Bugnet's performance monitoring captures real-world performance across the range of hardware players use, so you can see how the game runs on low-end configurations specifically and where the drops happen, even if you don't own that hardware. Performance that's fine on high-end machines but poor on low-end ones shows up clearly when you can slice the data by hardware, telling you exactly what to optimize for the players who are struggling.
How to Fix It
Two complementary approaches. First, add scalable graphics/performance settings, let players reduce resolution, effects quality, draw distance, shadows, and other costs so they can trade visual quality for frame rate on weaker hardware. Good scalability options are the single most effective way to serve low-end players, because they let each player tune the game to their machine. Second, optimize the baseline so the game runs acceptably at its lowest settings on a realistic minimum spec, reduce the cost that even the lowest settings can't avoid.

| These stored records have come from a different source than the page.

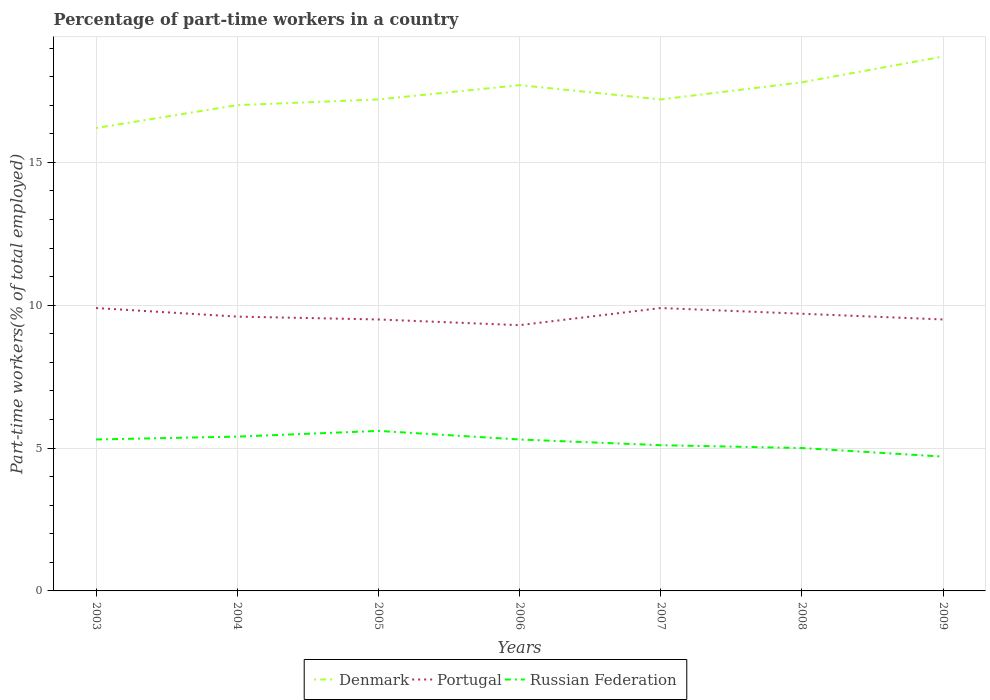Does the line corresponding to Portugal intersect with the line corresponding to Russian Federation?
Keep it short and to the point. No. Is the number of lines equal to the number of legend labels?
Provide a succinct answer. Yes. Across all years, what is the maximum percentage of part-time workers in Denmark?
Your answer should be very brief. 16.2. What is the total percentage of part-time workers in Portugal in the graph?
Provide a short and direct response. 0.3. What is the difference between the highest and the second highest percentage of part-time workers in Denmark?
Offer a terse response. 2.5. What is the difference between the highest and the lowest percentage of part-time workers in Portugal?
Provide a succinct answer. 3. What is the difference between two consecutive major ticks on the Y-axis?
Your answer should be compact. 5. Are the values on the major ticks of Y-axis written in scientific E-notation?
Offer a terse response. No. Does the graph contain grids?
Your answer should be very brief. Yes. What is the title of the graph?
Ensure brevity in your answer.  Percentage of part-time workers in a country. Does "Poland" appear as one of the legend labels in the graph?
Provide a short and direct response. No. What is the label or title of the Y-axis?
Your response must be concise. Part-time workers(% of total employed). What is the Part-time workers(% of total employed) of Denmark in 2003?
Provide a short and direct response. 16.2. What is the Part-time workers(% of total employed) of Portugal in 2003?
Offer a very short reply. 9.9. What is the Part-time workers(% of total employed) in Russian Federation in 2003?
Your answer should be compact. 5.3. What is the Part-time workers(% of total employed) of Denmark in 2004?
Your response must be concise. 17. What is the Part-time workers(% of total employed) in Portugal in 2004?
Give a very brief answer. 9.6. What is the Part-time workers(% of total employed) in Russian Federation in 2004?
Offer a terse response. 5.4. What is the Part-time workers(% of total employed) of Denmark in 2005?
Offer a very short reply. 17.2. What is the Part-time workers(% of total employed) in Russian Federation in 2005?
Provide a succinct answer. 5.6. What is the Part-time workers(% of total employed) of Denmark in 2006?
Give a very brief answer. 17.7. What is the Part-time workers(% of total employed) in Portugal in 2006?
Your response must be concise. 9.3. What is the Part-time workers(% of total employed) in Russian Federation in 2006?
Make the answer very short. 5.3. What is the Part-time workers(% of total employed) of Denmark in 2007?
Make the answer very short. 17.2. What is the Part-time workers(% of total employed) of Portugal in 2007?
Offer a terse response. 9.9. What is the Part-time workers(% of total employed) in Russian Federation in 2007?
Ensure brevity in your answer.  5.1. What is the Part-time workers(% of total employed) in Denmark in 2008?
Give a very brief answer. 17.8. What is the Part-time workers(% of total employed) of Portugal in 2008?
Give a very brief answer. 9.7. What is the Part-time workers(% of total employed) in Denmark in 2009?
Provide a succinct answer. 18.7. What is the Part-time workers(% of total employed) in Portugal in 2009?
Offer a terse response. 9.5. What is the Part-time workers(% of total employed) of Russian Federation in 2009?
Your answer should be compact. 4.7. Across all years, what is the maximum Part-time workers(% of total employed) of Denmark?
Offer a terse response. 18.7. Across all years, what is the maximum Part-time workers(% of total employed) in Portugal?
Offer a very short reply. 9.9. Across all years, what is the maximum Part-time workers(% of total employed) of Russian Federation?
Keep it short and to the point. 5.6. Across all years, what is the minimum Part-time workers(% of total employed) in Denmark?
Your response must be concise. 16.2. Across all years, what is the minimum Part-time workers(% of total employed) of Portugal?
Provide a succinct answer. 9.3. Across all years, what is the minimum Part-time workers(% of total employed) in Russian Federation?
Provide a short and direct response. 4.7. What is the total Part-time workers(% of total employed) in Denmark in the graph?
Provide a short and direct response. 121.8. What is the total Part-time workers(% of total employed) of Portugal in the graph?
Your response must be concise. 67.4. What is the total Part-time workers(% of total employed) in Russian Federation in the graph?
Provide a short and direct response. 36.4. What is the difference between the Part-time workers(% of total employed) of Denmark in 2003 and that in 2004?
Offer a very short reply. -0.8. What is the difference between the Part-time workers(% of total employed) in Russian Federation in 2003 and that in 2004?
Give a very brief answer. -0.1. What is the difference between the Part-time workers(% of total employed) of Denmark in 2003 and that in 2005?
Provide a succinct answer. -1. What is the difference between the Part-time workers(% of total employed) in Portugal in 2003 and that in 2005?
Make the answer very short. 0.4. What is the difference between the Part-time workers(% of total employed) in Denmark in 2003 and that in 2006?
Provide a short and direct response. -1.5. What is the difference between the Part-time workers(% of total employed) in Denmark in 2003 and that in 2007?
Provide a short and direct response. -1. What is the difference between the Part-time workers(% of total employed) of Russian Federation in 2003 and that in 2007?
Your response must be concise. 0.2. What is the difference between the Part-time workers(% of total employed) of Portugal in 2003 and that in 2008?
Your response must be concise. 0.2. What is the difference between the Part-time workers(% of total employed) in Denmark in 2004 and that in 2005?
Offer a terse response. -0.2. What is the difference between the Part-time workers(% of total employed) of Portugal in 2004 and that in 2005?
Provide a short and direct response. 0.1. What is the difference between the Part-time workers(% of total employed) of Russian Federation in 2004 and that in 2005?
Provide a short and direct response. -0.2. What is the difference between the Part-time workers(% of total employed) of Portugal in 2004 and that in 2006?
Your answer should be compact. 0.3. What is the difference between the Part-time workers(% of total employed) in Russian Federation in 2004 and that in 2006?
Offer a terse response. 0.1. What is the difference between the Part-time workers(% of total employed) in Portugal in 2004 and that in 2008?
Offer a very short reply. -0.1. What is the difference between the Part-time workers(% of total employed) in Denmark in 2004 and that in 2009?
Provide a short and direct response. -1.7. What is the difference between the Part-time workers(% of total employed) in Portugal in 2004 and that in 2009?
Provide a short and direct response. 0.1. What is the difference between the Part-time workers(% of total employed) of Portugal in 2005 and that in 2006?
Make the answer very short. 0.2. What is the difference between the Part-time workers(% of total employed) of Denmark in 2005 and that in 2007?
Provide a succinct answer. 0. What is the difference between the Part-time workers(% of total employed) in Portugal in 2005 and that in 2007?
Ensure brevity in your answer.  -0.4. What is the difference between the Part-time workers(% of total employed) of Portugal in 2005 and that in 2008?
Your response must be concise. -0.2. What is the difference between the Part-time workers(% of total employed) of Russian Federation in 2005 and that in 2008?
Offer a very short reply. 0.6. What is the difference between the Part-time workers(% of total employed) in Denmark in 2006 and that in 2007?
Provide a short and direct response. 0.5. What is the difference between the Part-time workers(% of total employed) in Portugal in 2006 and that in 2007?
Give a very brief answer. -0.6. What is the difference between the Part-time workers(% of total employed) of Russian Federation in 2006 and that in 2008?
Offer a terse response. 0.3. What is the difference between the Part-time workers(% of total employed) in Denmark in 2006 and that in 2009?
Ensure brevity in your answer.  -1. What is the difference between the Part-time workers(% of total employed) of Portugal in 2007 and that in 2008?
Provide a succinct answer. 0.2. What is the difference between the Part-time workers(% of total employed) in Russian Federation in 2007 and that in 2008?
Provide a succinct answer. 0.1. What is the difference between the Part-time workers(% of total employed) of Denmark in 2007 and that in 2009?
Give a very brief answer. -1.5. What is the difference between the Part-time workers(% of total employed) of Portugal in 2007 and that in 2009?
Ensure brevity in your answer.  0.4. What is the difference between the Part-time workers(% of total employed) of Russian Federation in 2007 and that in 2009?
Your answer should be very brief. 0.4. What is the difference between the Part-time workers(% of total employed) in Denmark in 2008 and that in 2009?
Your answer should be very brief. -0.9. What is the difference between the Part-time workers(% of total employed) of Russian Federation in 2008 and that in 2009?
Make the answer very short. 0.3. What is the difference between the Part-time workers(% of total employed) of Denmark in 2003 and the Part-time workers(% of total employed) of Russian Federation in 2004?
Offer a terse response. 10.8. What is the difference between the Part-time workers(% of total employed) in Portugal in 2003 and the Part-time workers(% of total employed) in Russian Federation in 2004?
Your answer should be very brief. 4.5. What is the difference between the Part-time workers(% of total employed) in Denmark in 2003 and the Part-time workers(% of total employed) in Portugal in 2005?
Make the answer very short. 6.7. What is the difference between the Part-time workers(% of total employed) in Denmark in 2003 and the Part-time workers(% of total employed) in Russian Federation in 2005?
Offer a very short reply. 10.6. What is the difference between the Part-time workers(% of total employed) in Portugal in 2003 and the Part-time workers(% of total employed) in Russian Federation in 2005?
Your answer should be compact. 4.3. What is the difference between the Part-time workers(% of total employed) in Denmark in 2003 and the Part-time workers(% of total employed) in Russian Federation in 2006?
Your answer should be very brief. 10.9. What is the difference between the Part-time workers(% of total employed) in Denmark in 2003 and the Part-time workers(% of total employed) in Portugal in 2007?
Provide a succinct answer. 6.3. What is the difference between the Part-time workers(% of total employed) in Portugal in 2003 and the Part-time workers(% of total employed) in Russian Federation in 2007?
Keep it short and to the point. 4.8. What is the difference between the Part-time workers(% of total employed) in Portugal in 2003 and the Part-time workers(% of total employed) in Russian Federation in 2008?
Your response must be concise. 4.9. What is the difference between the Part-time workers(% of total employed) in Denmark in 2004 and the Part-time workers(% of total employed) in Portugal in 2005?
Keep it short and to the point. 7.5. What is the difference between the Part-time workers(% of total employed) in Denmark in 2004 and the Part-time workers(% of total employed) in Russian Federation in 2005?
Your answer should be very brief. 11.4. What is the difference between the Part-time workers(% of total employed) of Portugal in 2004 and the Part-time workers(% of total employed) of Russian Federation in 2006?
Your response must be concise. 4.3. What is the difference between the Part-time workers(% of total employed) of Portugal in 2004 and the Part-time workers(% of total employed) of Russian Federation in 2007?
Ensure brevity in your answer.  4.5. What is the difference between the Part-time workers(% of total employed) of Portugal in 2004 and the Part-time workers(% of total employed) of Russian Federation in 2008?
Keep it short and to the point. 4.6. What is the difference between the Part-time workers(% of total employed) in Denmark in 2005 and the Part-time workers(% of total employed) in Russian Federation in 2006?
Your answer should be compact. 11.9. What is the difference between the Part-time workers(% of total employed) of Denmark in 2005 and the Part-time workers(% of total employed) of Russian Federation in 2007?
Make the answer very short. 12.1. What is the difference between the Part-time workers(% of total employed) in Portugal in 2005 and the Part-time workers(% of total employed) in Russian Federation in 2007?
Keep it short and to the point. 4.4. What is the difference between the Part-time workers(% of total employed) of Denmark in 2005 and the Part-time workers(% of total employed) of Portugal in 2008?
Your answer should be very brief. 7.5. What is the difference between the Part-time workers(% of total employed) in Denmark in 2005 and the Part-time workers(% of total employed) in Russian Federation in 2008?
Make the answer very short. 12.2. What is the difference between the Part-time workers(% of total employed) in Denmark in 2005 and the Part-time workers(% of total employed) in Portugal in 2009?
Ensure brevity in your answer.  7.7. What is the difference between the Part-time workers(% of total employed) in Portugal in 2005 and the Part-time workers(% of total employed) in Russian Federation in 2009?
Offer a very short reply. 4.8. What is the difference between the Part-time workers(% of total employed) of Denmark in 2006 and the Part-time workers(% of total employed) of Russian Federation in 2007?
Ensure brevity in your answer.  12.6. What is the difference between the Part-time workers(% of total employed) of Portugal in 2006 and the Part-time workers(% of total employed) of Russian Federation in 2007?
Your answer should be very brief. 4.2. What is the difference between the Part-time workers(% of total employed) of Denmark in 2006 and the Part-time workers(% of total employed) of Russian Federation in 2008?
Provide a short and direct response. 12.7. What is the difference between the Part-time workers(% of total employed) of Denmark in 2006 and the Part-time workers(% of total employed) of Russian Federation in 2009?
Your answer should be very brief. 13. What is the difference between the Part-time workers(% of total employed) of Portugal in 2006 and the Part-time workers(% of total employed) of Russian Federation in 2009?
Ensure brevity in your answer.  4.6. What is the difference between the Part-time workers(% of total employed) of Denmark in 2007 and the Part-time workers(% of total employed) of Russian Federation in 2008?
Offer a terse response. 12.2. What is the difference between the Part-time workers(% of total employed) of Denmark in 2007 and the Part-time workers(% of total employed) of Portugal in 2009?
Your response must be concise. 7.7. What is the difference between the Part-time workers(% of total employed) of Denmark in 2007 and the Part-time workers(% of total employed) of Russian Federation in 2009?
Your answer should be very brief. 12.5. What is the difference between the Part-time workers(% of total employed) in Portugal in 2007 and the Part-time workers(% of total employed) in Russian Federation in 2009?
Provide a succinct answer. 5.2. What is the difference between the Part-time workers(% of total employed) of Denmark in 2008 and the Part-time workers(% of total employed) of Portugal in 2009?
Your answer should be compact. 8.3. What is the difference between the Part-time workers(% of total employed) in Portugal in 2008 and the Part-time workers(% of total employed) in Russian Federation in 2009?
Offer a very short reply. 5. What is the average Part-time workers(% of total employed) in Denmark per year?
Give a very brief answer. 17.4. What is the average Part-time workers(% of total employed) in Portugal per year?
Keep it short and to the point. 9.63. In the year 2003, what is the difference between the Part-time workers(% of total employed) in Denmark and Part-time workers(% of total employed) in Portugal?
Offer a terse response. 6.3. In the year 2003, what is the difference between the Part-time workers(% of total employed) in Portugal and Part-time workers(% of total employed) in Russian Federation?
Your response must be concise. 4.6. In the year 2004, what is the difference between the Part-time workers(% of total employed) in Denmark and Part-time workers(% of total employed) in Portugal?
Give a very brief answer. 7.4. In the year 2004, what is the difference between the Part-time workers(% of total employed) of Portugal and Part-time workers(% of total employed) of Russian Federation?
Provide a short and direct response. 4.2. In the year 2005, what is the difference between the Part-time workers(% of total employed) in Denmark and Part-time workers(% of total employed) in Russian Federation?
Keep it short and to the point. 11.6. In the year 2005, what is the difference between the Part-time workers(% of total employed) in Portugal and Part-time workers(% of total employed) in Russian Federation?
Provide a short and direct response. 3.9. In the year 2006, what is the difference between the Part-time workers(% of total employed) in Denmark and Part-time workers(% of total employed) in Portugal?
Offer a terse response. 8.4. In the year 2007, what is the difference between the Part-time workers(% of total employed) of Denmark and Part-time workers(% of total employed) of Russian Federation?
Keep it short and to the point. 12.1. In the year 2008, what is the difference between the Part-time workers(% of total employed) in Denmark and Part-time workers(% of total employed) in Portugal?
Your response must be concise. 8.1. In the year 2008, what is the difference between the Part-time workers(% of total employed) in Portugal and Part-time workers(% of total employed) in Russian Federation?
Keep it short and to the point. 4.7. What is the ratio of the Part-time workers(% of total employed) in Denmark in 2003 to that in 2004?
Your response must be concise. 0.95. What is the ratio of the Part-time workers(% of total employed) in Portugal in 2003 to that in 2004?
Provide a short and direct response. 1.03. What is the ratio of the Part-time workers(% of total employed) of Russian Federation in 2003 to that in 2004?
Ensure brevity in your answer.  0.98. What is the ratio of the Part-time workers(% of total employed) in Denmark in 2003 to that in 2005?
Provide a short and direct response. 0.94. What is the ratio of the Part-time workers(% of total employed) in Portugal in 2003 to that in 2005?
Offer a very short reply. 1.04. What is the ratio of the Part-time workers(% of total employed) of Russian Federation in 2003 to that in 2005?
Your answer should be compact. 0.95. What is the ratio of the Part-time workers(% of total employed) of Denmark in 2003 to that in 2006?
Keep it short and to the point. 0.92. What is the ratio of the Part-time workers(% of total employed) of Portugal in 2003 to that in 2006?
Offer a very short reply. 1.06. What is the ratio of the Part-time workers(% of total employed) in Russian Federation in 2003 to that in 2006?
Ensure brevity in your answer.  1. What is the ratio of the Part-time workers(% of total employed) in Denmark in 2003 to that in 2007?
Your answer should be very brief. 0.94. What is the ratio of the Part-time workers(% of total employed) in Russian Federation in 2003 to that in 2007?
Keep it short and to the point. 1.04. What is the ratio of the Part-time workers(% of total employed) in Denmark in 2003 to that in 2008?
Ensure brevity in your answer.  0.91. What is the ratio of the Part-time workers(% of total employed) in Portugal in 2003 to that in 2008?
Offer a very short reply. 1.02. What is the ratio of the Part-time workers(% of total employed) in Russian Federation in 2003 to that in 2008?
Provide a succinct answer. 1.06. What is the ratio of the Part-time workers(% of total employed) of Denmark in 2003 to that in 2009?
Make the answer very short. 0.87. What is the ratio of the Part-time workers(% of total employed) in Portugal in 2003 to that in 2009?
Your answer should be compact. 1.04. What is the ratio of the Part-time workers(% of total employed) in Russian Federation in 2003 to that in 2009?
Offer a very short reply. 1.13. What is the ratio of the Part-time workers(% of total employed) of Denmark in 2004 to that in 2005?
Offer a very short reply. 0.99. What is the ratio of the Part-time workers(% of total employed) in Portugal in 2004 to that in 2005?
Your answer should be very brief. 1.01. What is the ratio of the Part-time workers(% of total employed) in Denmark in 2004 to that in 2006?
Give a very brief answer. 0.96. What is the ratio of the Part-time workers(% of total employed) in Portugal in 2004 to that in 2006?
Ensure brevity in your answer.  1.03. What is the ratio of the Part-time workers(% of total employed) of Russian Federation in 2004 to that in 2006?
Your answer should be very brief. 1.02. What is the ratio of the Part-time workers(% of total employed) in Denmark in 2004 to that in 2007?
Your answer should be compact. 0.99. What is the ratio of the Part-time workers(% of total employed) of Portugal in 2004 to that in 2007?
Your response must be concise. 0.97. What is the ratio of the Part-time workers(% of total employed) of Russian Federation in 2004 to that in 2007?
Offer a terse response. 1.06. What is the ratio of the Part-time workers(% of total employed) of Denmark in 2004 to that in 2008?
Provide a succinct answer. 0.96. What is the ratio of the Part-time workers(% of total employed) of Portugal in 2004 to that in 2009?
Provide a short and direct response. 1.01. What is the ratio of the Part-time workers(% of total employed) in Russian Federation in 2004 to that in 2009?
Your answer should be very brief. 1.15. What is the ratio of the Part-time workers(% of total employed) in Denmark in 2005 to that in 2006?
Your response must be concise. 0.97. What is the ratio of the Part-time workers(% of total employed) of Portugal in 2005 to that in 2006?
Give a very brief answer. 1.02. What is the ratio of the Part-time workers(% of total employed) in Russian Federation in 2005 to that in 2006?
Offer a very short reply. 1.06. What is the ratio of the Part-time workers(% of total employed) in Denmark in 2005 to that in 2007?
Make the answer very short. 1. What is the ratio of the Part-time workers(% of total employed) of Portugal in 2005 to that in 2007?
Your answer should be compact. 0.96. What is the ratio of the Part-time workers(% of total employed) in Russian Federation in 2005 to that in 2007?
Your answer should be compact. 1.1. What is the ratio of the Part-time workers(% of total employed) in Denmark in 2005 to that in 2008?
Offer a very short reply. 0.97. What is the ratio of the Part-time workers(% of total employed) in Portugal in 2005 to that in 2008?
Your answer should be compact. 0.98. What is the ratio of the Part-time workers(% of total employed) of Russian Federation in 2005 to that in 2008?
Provide a succinct answer. 1.12. What is the ratio of the Part-time workers(% of total employed) of Denmark in 2005 to that in 2009?
Offer a very short reply. 0.92. What is the ratio of the Part-time workers(% of total employed) in Russian Federation in 2005 to that in 2009?
Make the answer very short. 1.19. What is the ratio of the Part-time workers(% of total employed) of Denmark in 2006 to that in 2007?
Offer a very short reply. 1.03. What is the ratio of the Part-time workers(% of total employed) of Portugal in 2006 to that in 2007?
Your response must be concise. 0.94. What is the ratio of the Part-time workers(% of total employed) in Russian Federation in 2006 to that in 2007?
Make the answer very short. 1.04. What is the ratio of the Part-time workers(% of total employed) in Portugal in 2006 to that in 2008?
Make the answer very short. 0.96. What is the ratio of the Part-time workers(% of total employed) of Russian Federation in 2006 to that in 2008?
Your response must be concise. 1.06. What is the ratio of the Part-time workers(% of total employed) of Denmark in 2006 to that in 2009?
Ensure brevity in your answer.  0.95. What is the ratio of the Part-time workers(% of total employed) of Portugal in 2006 to that in 2009?
Offer a terse response. 0.98. What is the ratio of the Part-time workers(% of total employed) in Russian Federation in 2006 to that in 2009?
Your answer should be very brief. 1.13. What is the ratio of the Part-time workers(% of total employed) of Denmark in 2007 to that in 2008?
Offer a very short reply. 0.97. What is the ratio of the Part-time workers(% of total employed) in Portugal in 2007 to that in 2008?
Provide a short and direct response. 1.02. What is the ratio of the Part-time workers(% of total employed) of Denmark in 2007 to that in 2009?
Ensure brevity in your answer.  0.92. What is the ratio of the Part-time workers(% of total employed) in Portugal in 2007 to that in 2009?
Your answer should be very brief. 1.04. What is the ratio of the Part-time workers(% of total employed) of Russian Federation in 2007 to that in 2009?
Your answer should be compact. 1.09. What is the ratio of the Part-time workers(% of total employed) in Denmark in 2008 to that in 2009?
Your answer should be compact. 0.95. What is the ratio of the Part-time workers(% of total employed) of Portugal in 2008 to that in 2009?
Keep it short and to the point. 1.02. What is the ratio of the Part-time workers(% of total employed) in Russian Federation in 2008 to that in 2009?
Provide a short and direct response. 1.06. What is the difference between the highest and the second highest Part-time workers(% of total employed) of Russian Federation?
Offer a terse response. 0.2. What is the difference between the highest and the lowest Part-time workers(% of total employed) of Denmark?
Offer a terse response. 2.5. What is the difference between the highest and the lowest Part-time workers(% of total employed) of Russian Federation?
Your answer should be very brief. 0.9. 
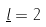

Set and test against a concrete minimum spec representing your low-end target, and ensure the game runs at an acceptable frame rate there at low settings. Be honest about that minimum spec on your store page so players with weaker hardware know what to expect. After optimizing and adding settings, verify via field performance data that low-end players now get acceptable performance. Designing deliberately for the lower end, rather than assuming your dev machine's experience scales down, is what makes a game run well across the hardware your audience actually has.
Low-end PCs run your game slow because it exceeds their budget, your dev machine hides this. Profile on weak hardware, add scalable settings, and optimize to a real minimum spec.